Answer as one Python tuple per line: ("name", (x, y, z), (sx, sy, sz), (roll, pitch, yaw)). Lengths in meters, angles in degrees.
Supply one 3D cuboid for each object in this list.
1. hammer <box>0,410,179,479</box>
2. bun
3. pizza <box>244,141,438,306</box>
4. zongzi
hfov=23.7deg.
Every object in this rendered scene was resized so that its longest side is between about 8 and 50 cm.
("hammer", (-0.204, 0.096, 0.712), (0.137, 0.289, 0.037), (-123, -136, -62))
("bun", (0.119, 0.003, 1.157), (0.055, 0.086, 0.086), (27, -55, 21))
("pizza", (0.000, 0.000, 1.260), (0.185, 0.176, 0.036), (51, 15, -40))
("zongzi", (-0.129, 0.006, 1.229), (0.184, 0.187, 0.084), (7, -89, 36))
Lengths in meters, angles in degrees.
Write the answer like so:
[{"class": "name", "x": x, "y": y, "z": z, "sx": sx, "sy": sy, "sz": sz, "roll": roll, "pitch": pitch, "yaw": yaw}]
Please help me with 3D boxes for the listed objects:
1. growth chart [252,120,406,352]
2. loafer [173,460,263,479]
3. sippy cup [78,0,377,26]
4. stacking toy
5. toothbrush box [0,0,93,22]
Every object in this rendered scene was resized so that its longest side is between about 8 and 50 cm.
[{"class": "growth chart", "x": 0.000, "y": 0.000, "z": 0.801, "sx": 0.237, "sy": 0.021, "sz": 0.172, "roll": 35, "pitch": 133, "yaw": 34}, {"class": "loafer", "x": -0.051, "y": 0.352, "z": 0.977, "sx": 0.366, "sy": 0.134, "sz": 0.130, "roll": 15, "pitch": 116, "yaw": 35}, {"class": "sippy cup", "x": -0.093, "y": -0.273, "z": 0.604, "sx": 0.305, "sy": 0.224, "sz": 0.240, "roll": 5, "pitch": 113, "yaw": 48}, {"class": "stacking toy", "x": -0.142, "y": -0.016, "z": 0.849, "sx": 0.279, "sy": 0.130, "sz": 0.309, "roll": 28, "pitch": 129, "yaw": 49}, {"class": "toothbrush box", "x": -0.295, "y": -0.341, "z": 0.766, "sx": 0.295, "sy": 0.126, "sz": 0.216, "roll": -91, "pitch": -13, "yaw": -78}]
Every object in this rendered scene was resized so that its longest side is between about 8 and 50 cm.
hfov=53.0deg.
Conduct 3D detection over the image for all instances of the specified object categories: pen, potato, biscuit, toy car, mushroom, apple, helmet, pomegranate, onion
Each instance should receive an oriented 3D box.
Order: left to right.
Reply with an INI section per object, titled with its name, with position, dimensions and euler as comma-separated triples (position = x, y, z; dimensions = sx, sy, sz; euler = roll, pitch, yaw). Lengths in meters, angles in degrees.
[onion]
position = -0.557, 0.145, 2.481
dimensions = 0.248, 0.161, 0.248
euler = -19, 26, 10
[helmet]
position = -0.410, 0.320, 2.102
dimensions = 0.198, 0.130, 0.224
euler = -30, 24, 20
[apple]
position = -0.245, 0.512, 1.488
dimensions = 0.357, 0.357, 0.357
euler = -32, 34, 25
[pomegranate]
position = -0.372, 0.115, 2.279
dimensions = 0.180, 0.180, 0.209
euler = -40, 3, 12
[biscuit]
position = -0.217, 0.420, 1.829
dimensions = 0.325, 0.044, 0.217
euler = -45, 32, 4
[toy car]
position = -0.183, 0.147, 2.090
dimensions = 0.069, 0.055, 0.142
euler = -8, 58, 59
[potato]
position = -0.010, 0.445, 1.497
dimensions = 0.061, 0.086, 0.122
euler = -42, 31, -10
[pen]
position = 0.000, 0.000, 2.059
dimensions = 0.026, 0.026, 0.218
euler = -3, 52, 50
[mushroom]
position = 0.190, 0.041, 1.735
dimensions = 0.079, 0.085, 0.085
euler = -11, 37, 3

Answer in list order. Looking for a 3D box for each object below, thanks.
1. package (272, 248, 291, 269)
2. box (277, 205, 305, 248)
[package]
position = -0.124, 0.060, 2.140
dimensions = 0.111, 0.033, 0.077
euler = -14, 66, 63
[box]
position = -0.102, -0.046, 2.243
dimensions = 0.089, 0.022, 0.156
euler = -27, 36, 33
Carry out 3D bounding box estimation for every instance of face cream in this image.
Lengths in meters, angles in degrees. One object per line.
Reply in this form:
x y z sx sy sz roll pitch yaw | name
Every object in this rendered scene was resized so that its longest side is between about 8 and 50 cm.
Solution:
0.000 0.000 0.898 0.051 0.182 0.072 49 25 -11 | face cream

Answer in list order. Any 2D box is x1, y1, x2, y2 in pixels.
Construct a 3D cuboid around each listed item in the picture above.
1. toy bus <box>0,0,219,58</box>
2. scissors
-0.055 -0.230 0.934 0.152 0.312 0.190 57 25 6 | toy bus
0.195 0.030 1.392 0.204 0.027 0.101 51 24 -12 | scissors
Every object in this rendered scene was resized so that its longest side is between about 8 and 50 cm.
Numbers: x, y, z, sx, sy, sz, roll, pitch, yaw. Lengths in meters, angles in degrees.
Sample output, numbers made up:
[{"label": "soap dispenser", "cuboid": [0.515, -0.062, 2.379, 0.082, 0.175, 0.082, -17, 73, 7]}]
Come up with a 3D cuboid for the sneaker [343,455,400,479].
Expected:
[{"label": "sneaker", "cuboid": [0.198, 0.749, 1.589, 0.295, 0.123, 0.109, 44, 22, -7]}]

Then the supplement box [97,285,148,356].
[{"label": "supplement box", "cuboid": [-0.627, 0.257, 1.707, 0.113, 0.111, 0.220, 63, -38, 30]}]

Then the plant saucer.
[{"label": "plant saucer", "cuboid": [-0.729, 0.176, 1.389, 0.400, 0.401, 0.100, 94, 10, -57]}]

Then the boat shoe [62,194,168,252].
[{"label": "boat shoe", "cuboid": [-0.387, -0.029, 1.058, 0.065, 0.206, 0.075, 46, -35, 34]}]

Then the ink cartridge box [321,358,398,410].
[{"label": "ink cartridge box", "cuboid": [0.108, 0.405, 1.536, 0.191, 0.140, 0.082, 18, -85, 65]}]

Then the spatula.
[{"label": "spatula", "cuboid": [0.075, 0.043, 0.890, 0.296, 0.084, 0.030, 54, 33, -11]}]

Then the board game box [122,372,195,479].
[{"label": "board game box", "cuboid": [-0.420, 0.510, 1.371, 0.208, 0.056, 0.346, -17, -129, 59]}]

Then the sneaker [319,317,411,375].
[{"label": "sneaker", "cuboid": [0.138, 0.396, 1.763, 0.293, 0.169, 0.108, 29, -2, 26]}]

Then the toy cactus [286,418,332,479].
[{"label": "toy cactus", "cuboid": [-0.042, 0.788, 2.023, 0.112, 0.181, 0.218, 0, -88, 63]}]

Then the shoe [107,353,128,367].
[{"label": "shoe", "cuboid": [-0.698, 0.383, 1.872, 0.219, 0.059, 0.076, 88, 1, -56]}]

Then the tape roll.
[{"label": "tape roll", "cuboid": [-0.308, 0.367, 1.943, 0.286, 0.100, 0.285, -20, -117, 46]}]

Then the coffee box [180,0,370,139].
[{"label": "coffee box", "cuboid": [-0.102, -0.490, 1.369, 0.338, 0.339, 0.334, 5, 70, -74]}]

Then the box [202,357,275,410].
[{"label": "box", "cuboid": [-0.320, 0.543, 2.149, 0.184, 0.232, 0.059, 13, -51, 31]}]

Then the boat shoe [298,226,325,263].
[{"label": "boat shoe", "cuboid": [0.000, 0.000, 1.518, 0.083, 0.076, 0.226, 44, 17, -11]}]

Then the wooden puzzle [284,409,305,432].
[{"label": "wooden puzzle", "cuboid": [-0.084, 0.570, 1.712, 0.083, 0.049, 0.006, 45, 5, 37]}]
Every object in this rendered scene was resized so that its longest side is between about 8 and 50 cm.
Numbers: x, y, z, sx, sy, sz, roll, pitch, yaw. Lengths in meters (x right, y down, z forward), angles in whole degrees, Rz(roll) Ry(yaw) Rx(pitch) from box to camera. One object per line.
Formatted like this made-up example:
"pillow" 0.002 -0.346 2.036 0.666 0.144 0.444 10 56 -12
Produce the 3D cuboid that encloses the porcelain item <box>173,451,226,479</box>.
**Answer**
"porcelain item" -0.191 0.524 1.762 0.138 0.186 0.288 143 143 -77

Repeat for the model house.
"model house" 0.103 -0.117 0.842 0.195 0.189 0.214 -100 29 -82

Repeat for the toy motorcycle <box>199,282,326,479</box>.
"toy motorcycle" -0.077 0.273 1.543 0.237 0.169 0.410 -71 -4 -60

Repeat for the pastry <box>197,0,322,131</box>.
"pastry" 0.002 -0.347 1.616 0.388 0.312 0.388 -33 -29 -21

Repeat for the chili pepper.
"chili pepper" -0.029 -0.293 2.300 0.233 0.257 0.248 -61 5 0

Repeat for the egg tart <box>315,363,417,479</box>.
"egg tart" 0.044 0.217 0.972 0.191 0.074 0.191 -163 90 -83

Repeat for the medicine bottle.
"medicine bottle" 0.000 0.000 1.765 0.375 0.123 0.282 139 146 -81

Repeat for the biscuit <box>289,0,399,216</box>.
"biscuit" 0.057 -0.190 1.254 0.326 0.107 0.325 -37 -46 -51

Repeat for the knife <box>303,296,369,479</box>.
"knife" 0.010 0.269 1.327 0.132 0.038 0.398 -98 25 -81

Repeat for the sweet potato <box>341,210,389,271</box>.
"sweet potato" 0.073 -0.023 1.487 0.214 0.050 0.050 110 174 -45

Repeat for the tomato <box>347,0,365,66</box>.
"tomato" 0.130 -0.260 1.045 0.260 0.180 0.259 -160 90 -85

---

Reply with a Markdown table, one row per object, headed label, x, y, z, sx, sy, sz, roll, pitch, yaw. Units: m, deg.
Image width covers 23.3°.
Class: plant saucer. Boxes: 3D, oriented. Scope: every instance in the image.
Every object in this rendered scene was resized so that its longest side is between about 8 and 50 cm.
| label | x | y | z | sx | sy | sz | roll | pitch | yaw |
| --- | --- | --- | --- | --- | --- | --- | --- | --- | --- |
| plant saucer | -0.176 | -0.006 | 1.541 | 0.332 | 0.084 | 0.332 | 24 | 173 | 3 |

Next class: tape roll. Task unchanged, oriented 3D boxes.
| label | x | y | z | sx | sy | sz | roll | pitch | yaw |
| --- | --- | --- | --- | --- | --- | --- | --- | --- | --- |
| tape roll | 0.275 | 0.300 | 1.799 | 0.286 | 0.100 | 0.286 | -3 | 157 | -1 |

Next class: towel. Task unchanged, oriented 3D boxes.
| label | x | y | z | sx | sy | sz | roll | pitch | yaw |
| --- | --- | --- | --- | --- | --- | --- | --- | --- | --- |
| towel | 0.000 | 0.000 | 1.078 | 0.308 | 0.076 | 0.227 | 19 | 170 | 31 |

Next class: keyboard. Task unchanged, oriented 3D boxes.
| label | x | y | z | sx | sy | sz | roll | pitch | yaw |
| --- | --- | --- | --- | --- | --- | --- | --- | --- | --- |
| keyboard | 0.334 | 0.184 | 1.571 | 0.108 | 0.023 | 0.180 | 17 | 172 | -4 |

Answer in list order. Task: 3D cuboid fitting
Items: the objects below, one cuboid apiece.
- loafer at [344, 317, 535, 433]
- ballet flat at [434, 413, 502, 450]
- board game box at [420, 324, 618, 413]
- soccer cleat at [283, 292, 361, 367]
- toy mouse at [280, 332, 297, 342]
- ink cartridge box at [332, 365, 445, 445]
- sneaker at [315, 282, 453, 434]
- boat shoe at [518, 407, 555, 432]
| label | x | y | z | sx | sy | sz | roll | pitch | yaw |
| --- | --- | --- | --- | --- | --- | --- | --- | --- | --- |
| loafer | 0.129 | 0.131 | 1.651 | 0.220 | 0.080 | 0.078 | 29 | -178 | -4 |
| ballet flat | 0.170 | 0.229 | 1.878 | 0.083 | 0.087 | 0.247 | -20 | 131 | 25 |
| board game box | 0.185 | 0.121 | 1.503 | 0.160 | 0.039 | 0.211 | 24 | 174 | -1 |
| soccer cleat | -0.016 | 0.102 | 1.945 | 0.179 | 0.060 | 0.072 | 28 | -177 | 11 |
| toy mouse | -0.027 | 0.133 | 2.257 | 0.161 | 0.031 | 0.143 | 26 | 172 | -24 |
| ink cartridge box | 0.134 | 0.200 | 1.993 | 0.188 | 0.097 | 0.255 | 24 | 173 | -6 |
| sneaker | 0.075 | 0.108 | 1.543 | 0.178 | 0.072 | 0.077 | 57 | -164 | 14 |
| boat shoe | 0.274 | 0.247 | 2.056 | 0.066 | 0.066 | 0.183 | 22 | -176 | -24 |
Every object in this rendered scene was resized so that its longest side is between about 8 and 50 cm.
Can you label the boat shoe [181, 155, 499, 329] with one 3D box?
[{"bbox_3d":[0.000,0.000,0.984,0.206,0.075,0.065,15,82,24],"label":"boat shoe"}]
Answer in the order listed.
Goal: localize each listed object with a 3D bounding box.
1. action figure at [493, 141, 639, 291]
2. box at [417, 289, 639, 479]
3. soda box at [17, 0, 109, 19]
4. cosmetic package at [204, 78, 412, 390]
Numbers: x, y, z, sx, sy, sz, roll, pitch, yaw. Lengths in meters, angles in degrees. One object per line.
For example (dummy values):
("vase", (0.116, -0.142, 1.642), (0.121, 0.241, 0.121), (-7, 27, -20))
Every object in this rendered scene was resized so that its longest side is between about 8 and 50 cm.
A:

...

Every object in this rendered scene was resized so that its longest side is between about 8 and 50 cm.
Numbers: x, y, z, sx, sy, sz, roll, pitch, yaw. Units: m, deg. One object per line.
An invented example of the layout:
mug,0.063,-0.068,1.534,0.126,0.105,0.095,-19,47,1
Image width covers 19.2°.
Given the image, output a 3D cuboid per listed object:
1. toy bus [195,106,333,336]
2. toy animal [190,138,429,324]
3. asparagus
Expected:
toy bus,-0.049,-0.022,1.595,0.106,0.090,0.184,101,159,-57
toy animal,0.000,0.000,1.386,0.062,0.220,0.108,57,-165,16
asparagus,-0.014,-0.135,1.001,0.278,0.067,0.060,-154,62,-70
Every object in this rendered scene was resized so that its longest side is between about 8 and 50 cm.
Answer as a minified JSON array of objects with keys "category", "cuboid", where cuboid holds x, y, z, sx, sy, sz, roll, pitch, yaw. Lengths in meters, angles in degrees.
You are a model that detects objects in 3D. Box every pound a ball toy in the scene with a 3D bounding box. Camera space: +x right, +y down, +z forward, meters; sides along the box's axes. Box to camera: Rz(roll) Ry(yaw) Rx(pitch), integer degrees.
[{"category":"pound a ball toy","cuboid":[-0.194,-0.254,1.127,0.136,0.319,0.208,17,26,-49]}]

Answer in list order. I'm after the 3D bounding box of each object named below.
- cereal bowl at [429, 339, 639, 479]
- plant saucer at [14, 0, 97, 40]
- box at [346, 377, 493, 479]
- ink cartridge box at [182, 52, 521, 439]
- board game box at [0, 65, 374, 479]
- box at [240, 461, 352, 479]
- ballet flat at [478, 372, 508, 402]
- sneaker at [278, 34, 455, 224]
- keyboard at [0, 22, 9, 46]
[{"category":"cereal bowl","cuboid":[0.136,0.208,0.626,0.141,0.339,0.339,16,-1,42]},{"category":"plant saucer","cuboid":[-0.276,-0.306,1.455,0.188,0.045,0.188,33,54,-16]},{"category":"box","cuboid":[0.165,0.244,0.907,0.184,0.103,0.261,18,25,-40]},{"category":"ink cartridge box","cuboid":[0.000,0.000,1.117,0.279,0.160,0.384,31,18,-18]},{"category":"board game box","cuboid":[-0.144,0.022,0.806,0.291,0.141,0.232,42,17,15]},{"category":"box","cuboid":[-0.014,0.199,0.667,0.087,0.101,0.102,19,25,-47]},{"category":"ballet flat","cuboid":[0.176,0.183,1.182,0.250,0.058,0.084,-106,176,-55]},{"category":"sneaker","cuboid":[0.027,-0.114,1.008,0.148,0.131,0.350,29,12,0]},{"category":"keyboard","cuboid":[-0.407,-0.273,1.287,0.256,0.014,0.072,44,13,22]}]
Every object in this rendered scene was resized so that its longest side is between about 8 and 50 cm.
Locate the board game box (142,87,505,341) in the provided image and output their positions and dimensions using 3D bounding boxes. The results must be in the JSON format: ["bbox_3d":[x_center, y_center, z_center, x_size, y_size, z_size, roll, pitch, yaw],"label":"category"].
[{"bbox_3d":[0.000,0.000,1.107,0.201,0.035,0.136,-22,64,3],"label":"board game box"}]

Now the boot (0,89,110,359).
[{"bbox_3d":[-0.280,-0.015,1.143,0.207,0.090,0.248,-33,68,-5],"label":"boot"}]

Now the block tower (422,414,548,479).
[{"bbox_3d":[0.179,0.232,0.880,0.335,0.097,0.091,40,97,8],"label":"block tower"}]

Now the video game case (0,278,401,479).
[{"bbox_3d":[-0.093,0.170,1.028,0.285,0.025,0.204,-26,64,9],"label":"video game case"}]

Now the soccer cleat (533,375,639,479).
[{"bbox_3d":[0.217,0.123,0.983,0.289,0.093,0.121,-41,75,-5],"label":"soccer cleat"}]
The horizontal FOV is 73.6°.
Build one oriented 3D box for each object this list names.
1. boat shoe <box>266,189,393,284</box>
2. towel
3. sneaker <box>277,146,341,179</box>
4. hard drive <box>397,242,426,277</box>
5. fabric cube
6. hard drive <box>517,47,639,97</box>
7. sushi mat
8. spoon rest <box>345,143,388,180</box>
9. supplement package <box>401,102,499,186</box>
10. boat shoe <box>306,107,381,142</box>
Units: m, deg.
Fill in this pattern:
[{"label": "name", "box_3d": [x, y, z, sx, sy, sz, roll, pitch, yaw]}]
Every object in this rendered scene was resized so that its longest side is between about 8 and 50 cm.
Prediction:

Try it: Only the lines above starting at the one containing "Answer as one" and ending at the one containing "5. toothbrush box [0,0,93,22]", both included, are to be returned, exactly as they read.

Response box:
Answer as one Python tuple per line: ("name", (x, y, z), (sx, sy, sz), (roll, pitch, yaw)). Lengths in meters, angles in degrees.
Supply one 3D cuboid for each object in this list.
1. hammer <box>0,410,179,479</box>
2. bun
3. pizza <box>244,141,438,306</box>
4. zongzi
hfov=23.7deg.
Every object in this rendered scene was resized so that its longest side is between about 8 and 50 cm.
("hammer", (-0.204, 0.096, 0.712), (0.137, 0.289, 0.037), (-123, -136, -62))
("bun", (0.119, 0.003, 1.157), (0.055, 0.086, 0.086), (27, -55, 21))
("pizza", (0.000, 0.000, 1.260), (0.185, 0.176, 0.036), (51, 15, -40))
("zongzi", (-0.129, 0.006, 1.229), (0.184, 0.187, 0.084), (7, -89, 36))
Lengths in meters, angles in degrees.
Write the answer like so:
[{"class": "name", "x": x, "y": y, "z": z, "sx": sx, "sy": sy, "sz": sz, "roll": roll, "pitch": pitch, "yaw": yaw}]
Please help me with 3D boxes for the listed objects:
1. growth chart [252,120,406,352]
2. loafer [173,460,263,479]
3. sippy cup [78,0,377,26]
4. stacking toy
5. toothbrush box [0,0,93,22]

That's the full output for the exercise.